## What you need to do
Could you please output all of the data exactly, without the images?

## Supplied data
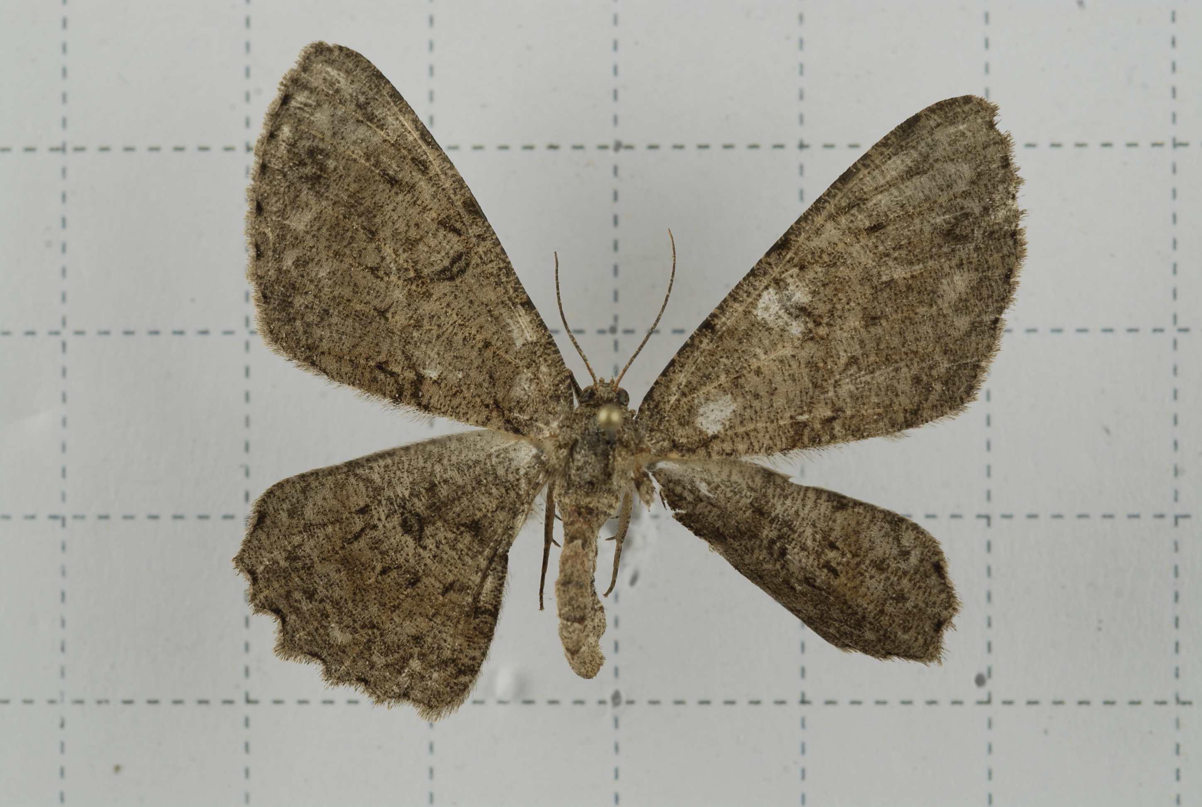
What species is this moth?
Hypomecis punctinalis glos
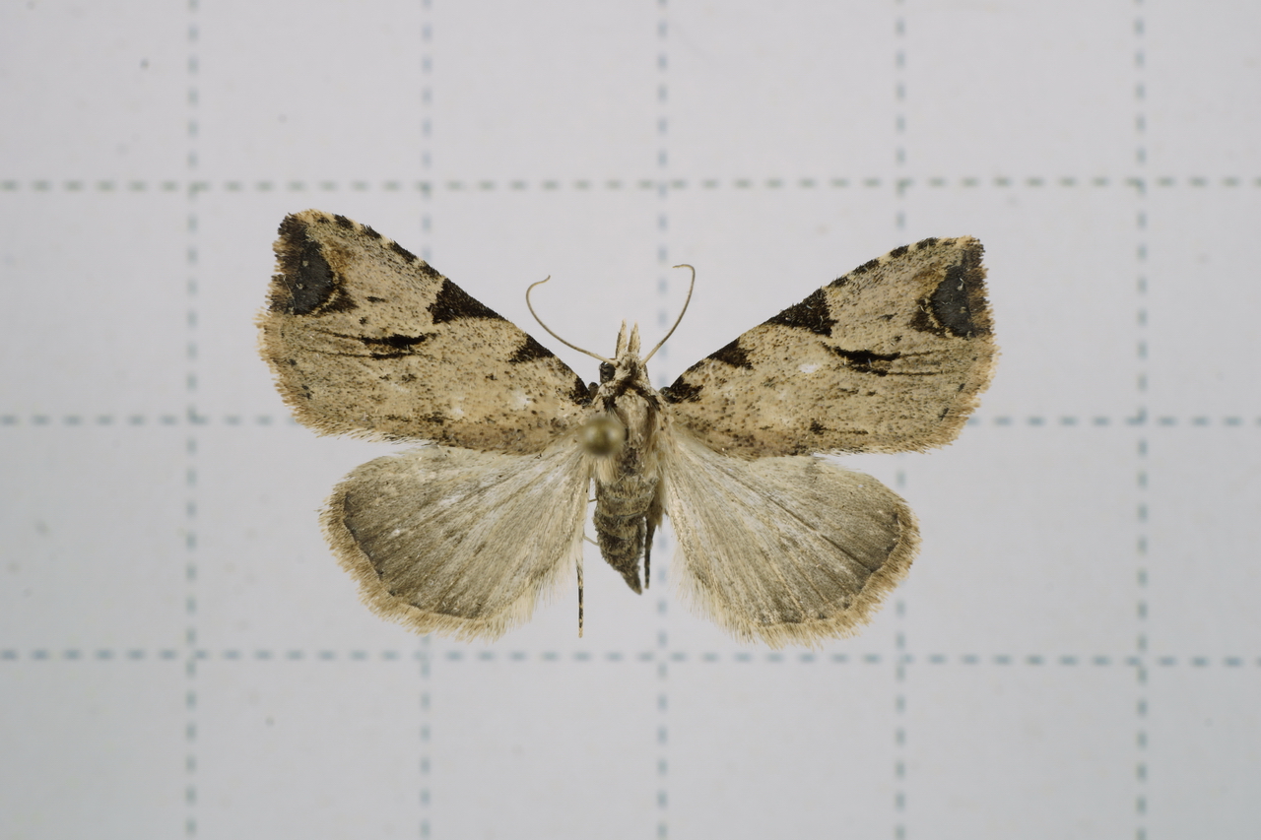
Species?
Oglasa costimacula
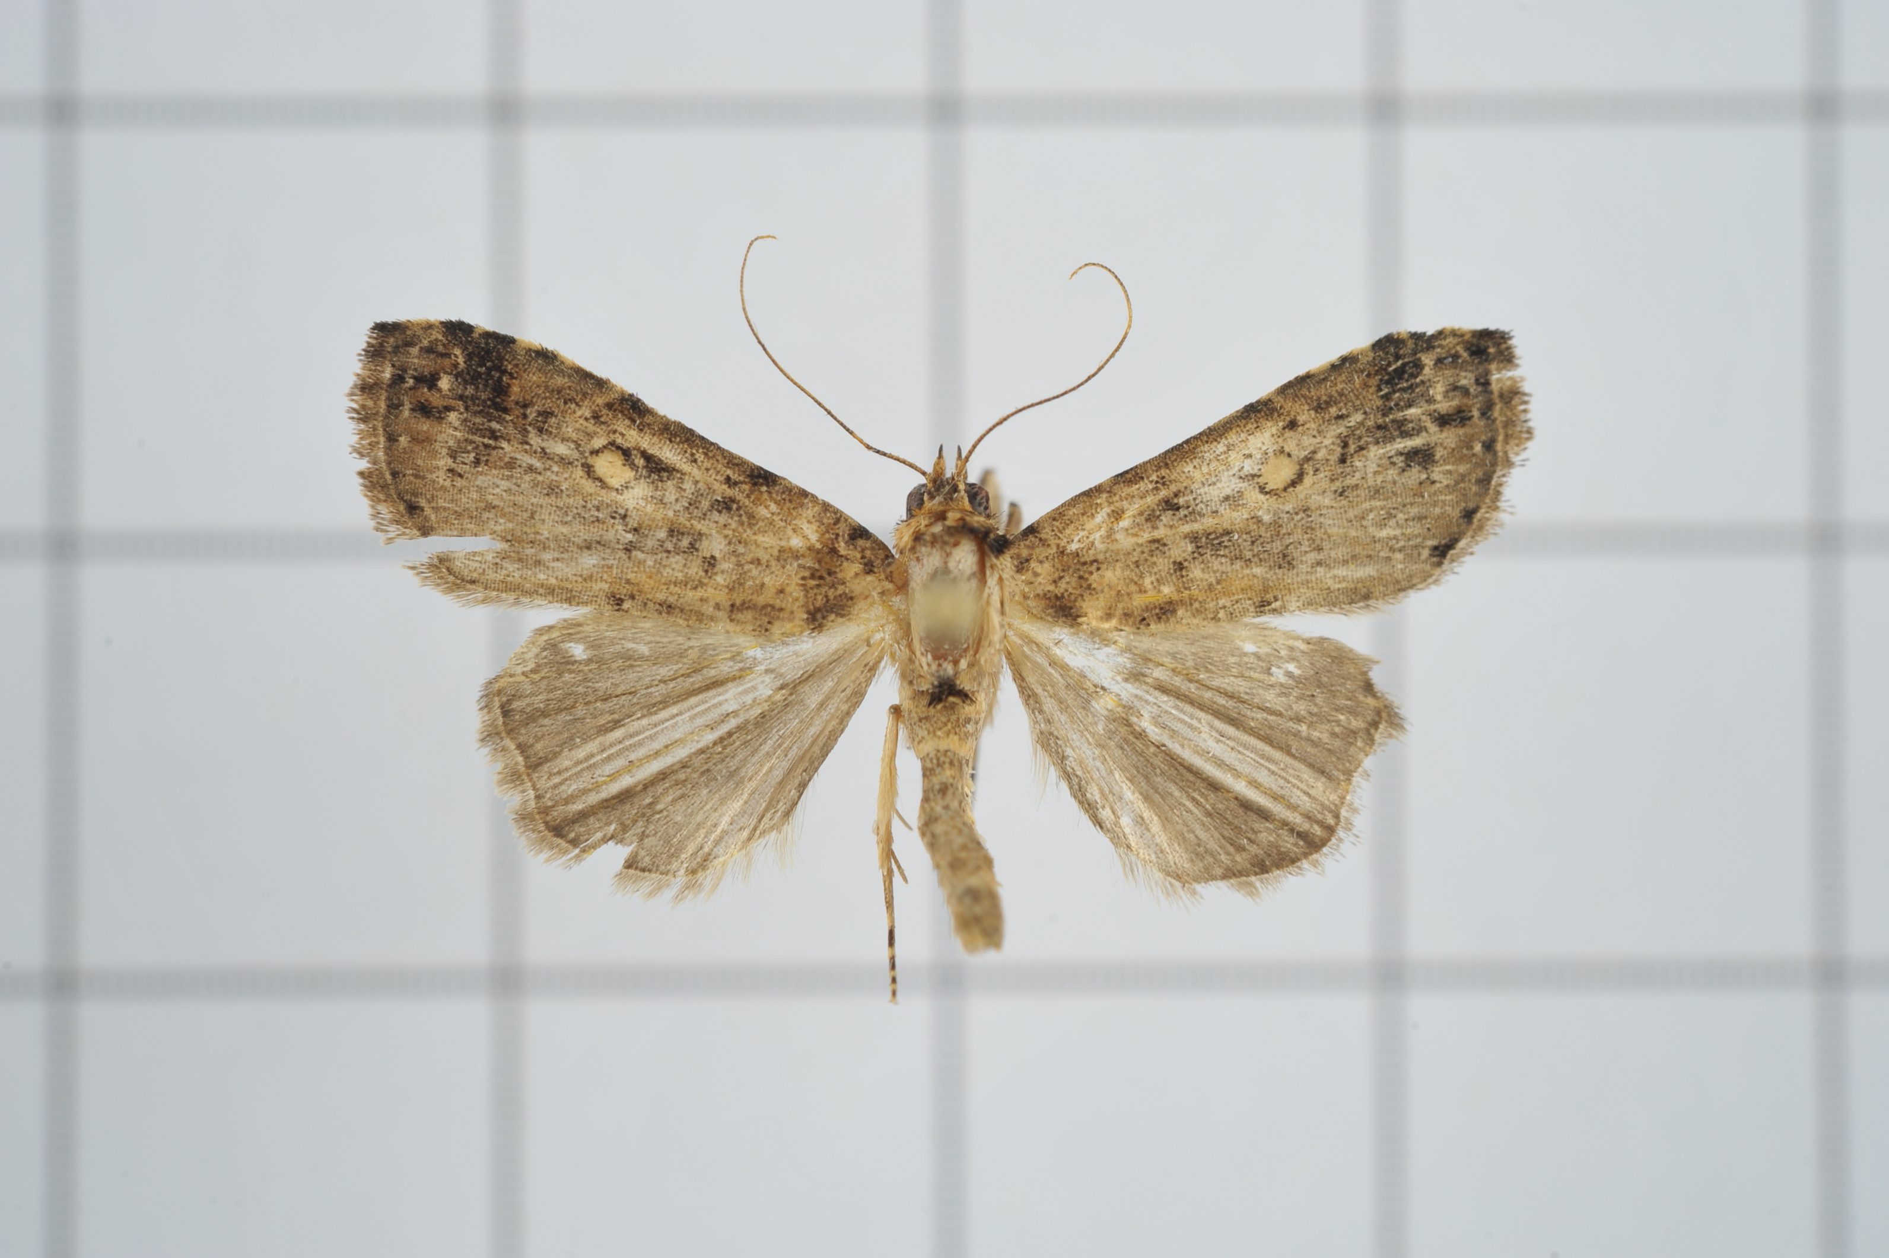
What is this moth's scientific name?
Oglasa sordida

## Finished task
What species is this moth?
Hypomecis punctinalis glos
Species?
Oglasa costimacula
What is this moth's scientific name?
Oglasa sordida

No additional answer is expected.